Data items:
####

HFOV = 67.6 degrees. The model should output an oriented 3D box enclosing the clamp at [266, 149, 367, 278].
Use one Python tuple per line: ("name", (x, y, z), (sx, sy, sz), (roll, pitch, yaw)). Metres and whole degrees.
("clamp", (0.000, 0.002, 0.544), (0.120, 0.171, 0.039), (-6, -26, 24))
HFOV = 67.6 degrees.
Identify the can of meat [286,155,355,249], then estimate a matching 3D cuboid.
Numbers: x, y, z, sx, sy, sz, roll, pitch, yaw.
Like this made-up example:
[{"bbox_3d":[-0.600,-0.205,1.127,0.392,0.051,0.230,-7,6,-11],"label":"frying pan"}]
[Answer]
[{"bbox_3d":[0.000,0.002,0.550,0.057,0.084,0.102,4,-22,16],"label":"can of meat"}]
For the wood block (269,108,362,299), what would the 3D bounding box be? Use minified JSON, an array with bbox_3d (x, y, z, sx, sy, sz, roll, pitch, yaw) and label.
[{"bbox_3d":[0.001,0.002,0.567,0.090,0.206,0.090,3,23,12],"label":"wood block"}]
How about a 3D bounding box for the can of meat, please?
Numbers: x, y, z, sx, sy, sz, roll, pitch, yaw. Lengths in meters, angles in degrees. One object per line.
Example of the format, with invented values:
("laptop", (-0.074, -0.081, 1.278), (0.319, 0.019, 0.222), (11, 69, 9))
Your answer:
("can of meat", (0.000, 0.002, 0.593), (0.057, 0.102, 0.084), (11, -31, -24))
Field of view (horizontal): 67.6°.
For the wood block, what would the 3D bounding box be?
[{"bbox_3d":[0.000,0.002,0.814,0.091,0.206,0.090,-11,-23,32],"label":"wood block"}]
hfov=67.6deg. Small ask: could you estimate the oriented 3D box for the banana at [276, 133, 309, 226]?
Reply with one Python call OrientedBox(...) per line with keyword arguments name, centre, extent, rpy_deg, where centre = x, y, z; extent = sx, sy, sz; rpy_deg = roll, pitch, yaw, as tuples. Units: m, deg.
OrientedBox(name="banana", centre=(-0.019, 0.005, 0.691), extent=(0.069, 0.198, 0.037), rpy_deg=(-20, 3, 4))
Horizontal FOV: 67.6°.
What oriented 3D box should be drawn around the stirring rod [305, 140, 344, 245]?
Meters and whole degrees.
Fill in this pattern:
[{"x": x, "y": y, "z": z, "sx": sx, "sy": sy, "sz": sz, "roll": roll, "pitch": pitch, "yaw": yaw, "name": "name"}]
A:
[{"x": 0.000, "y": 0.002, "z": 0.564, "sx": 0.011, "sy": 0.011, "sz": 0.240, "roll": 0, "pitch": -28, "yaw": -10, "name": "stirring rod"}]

####

- [Exercise directions]: From the very first line of the data through the line with "Fill in this" in it, please reproduce each line exactly and output nothing more.

- [Answer section]:
HFOV = 67.6 degrees. The model should output an oriented 3D box enclosing the clamp at [266, 149, 367, 278].
Use one Python tuple per line: ("name", (x, y, z), (sx, sy, sz), (roll, pitch, yaw)). Metres and whole degrees.
("clamp", (0.000, 0.002, 0.544), (0.120, 0.171, 0.039), (-6, -26, 24))
HFOV = 67.6 degrees.
Identify the can of meat [286,155,355,249], then estimate a matching 3D cuboid.
Numbers: x, y, z, sx, sy, sz, roll, pitch, yaw.
Like this made-up example:
[{"bbox_3d":[-0.600,-0.205,1.127,0.392,0.051,0.230,-7,6,-11],"label":"frying pan"}]
[Answer]
[{"bbox_3d":[0.000,0.002,0.550,0.057,0.084,0.102,4,-22,16],"label":"can of meat"}]
For the wood block (269,108,362,299), what would the 3D bounding box be? Use minified JSON, an array with bbox_3d (x, y, z, sx, sy, sz, roll, pitch, yaw) and label.
[{"bbox_3d":[0.001,0.002,0.567,0.090,0.206,0.090,3,23,12],"label":"wood block"}]
How about a 3D bounding box for the can of meat, please?
Numbers: x, y, z, sx, sy, sz, roll, pitch, yaw. Lengths in meters, angles in degrees. One object per line.
Example of the format, with invented values:
("laptop", (-0.074, -0.081, 1.278), (0.319, 0.019, 0.222), (11, 69, 9))
Your answer:
("can of meat", (0.000, 0.002, 0.593), (0.057, 0.102, 0.084), (11, -31, -24))
Field of view (horizontal): 67.6°.
For the wood block, what would the 3D bounding box be?
[{"bbox_3d":[0.000,0.002,0.814,0.091,0.206,0.090,-11,-23,32],"label":"wood block"}]
hfov=67.6deg. Small ask: could you estimate the oriented 3D box for the banana at [276, 133, 309, 226]?
Reply with one Python call OrientedBox(...) per line with keyword arguments name, centre, extent, rpy_deg, where centre = x, y, z; extent = sx, sy, sz; rpy_deg = roll, pitch, yaw, as tuples. Units: m, deg.
OrientedBox(name="banana", centre=(-0.019, 0.005, 0.691), extent=(0.069, 0.198, 0.037), rpy_deg=(-20, 3, 4))
Horizontal FOV: 67.6°.
What oriented 3D box should be drawn around the stirring rod [305, 140, 344, 245]?
Meters and whole degrees.
Fill in this pattern:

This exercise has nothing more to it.